New East Antarctic margin radiocarbon chronologies reveal younger deglacial timing than previously dated carbonate-poor sediments

Radiocarbon dating of marine sediments from East Antarctica's continental shelves document asynchronous ice retreat of outlet glaciers since the last deglaciation. Because biogenic carbonate is rare in Antarctic margin sediments, most studies of the timing of deglaciation rely on radiocarbon (¹⁴C) dating of bulk sedimentary organic matter, often resulting in an older than depositional age due to incorporation of pre-aged carbon. The inclusion of pre-aged carbon in bulk dates complicates their use in understanding the drivers of ice retreat. Here we apply radiocarbon dating methods that seek to separate the pre-aged from depositional-aged organic matter. We use thermochemical separation (Ramped PyrOx; RPO) and chemical extraction (compound-specific diatom-bound; CSD) methods to date organic matter preserved in marine sediments from cross-shelf troughs of Mac Robertson Shelf, East Antarctica. We use these methods to date sediment records from Nielsen Basin and Iceberg Alley, which have been previously dated via bulk ¹⁴C methods and compare our new chronologies to those published. Our data support a synchronous regional grounded ice retreat from the Mac Robertson Shelf ~11.5 ¹⁴C ka, which suggests that warm ocean temperatures, rather than a sea level rise, drove ice retreat.
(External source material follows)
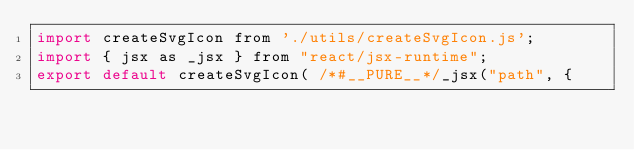<code> <loc_0><loc_0><loc_500><loc_500><_JavaScript_>import createSvgIcon from './utils/createSvgIcon.js';
import { jsx as _jsx } from "react/jsx-runtime";
export default createSvgIcon( /*#__PURE__*/_jsx("path", {</code> 
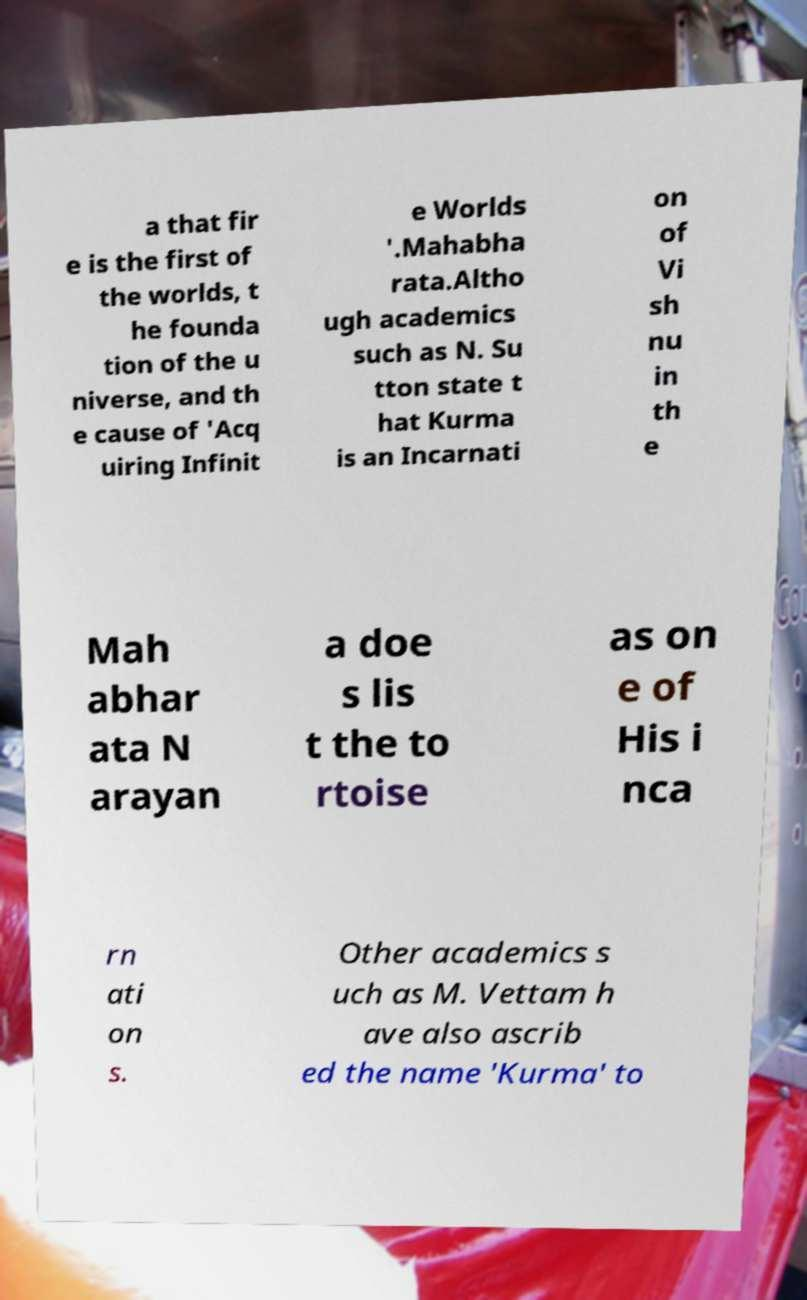Please read and relay the text visible in this image. What does it say? a that fir e is the first of the worlds, t he founda tion of the u niverse, and th e cause of 'Acq uiring Infinit e Worlds '.Mahabha rata.Altho ugh academics such as N. Su tton state t hat Kurma is an Incarnati on of Vi sh nu in th e Mah abhar ata N arayan a doe s lis t the to rtoise as on e of His i nca rn ati on s. Other academics s uch as M. Vettam h ave also ascrib ed the name 'Kurma' to

Our updated chronologies also support a minimal regional contribution of Mac Robertson Land to the global meltwater pulse 1A event. This study demonstrates the ability for RPO and CSD ¹⁴C dating methods to improve deglacial chronologies. Such an approach enables more accurate correlations with known climate forcings and improves our ability to model future Antarctic ice sheet behavior and global sea levels.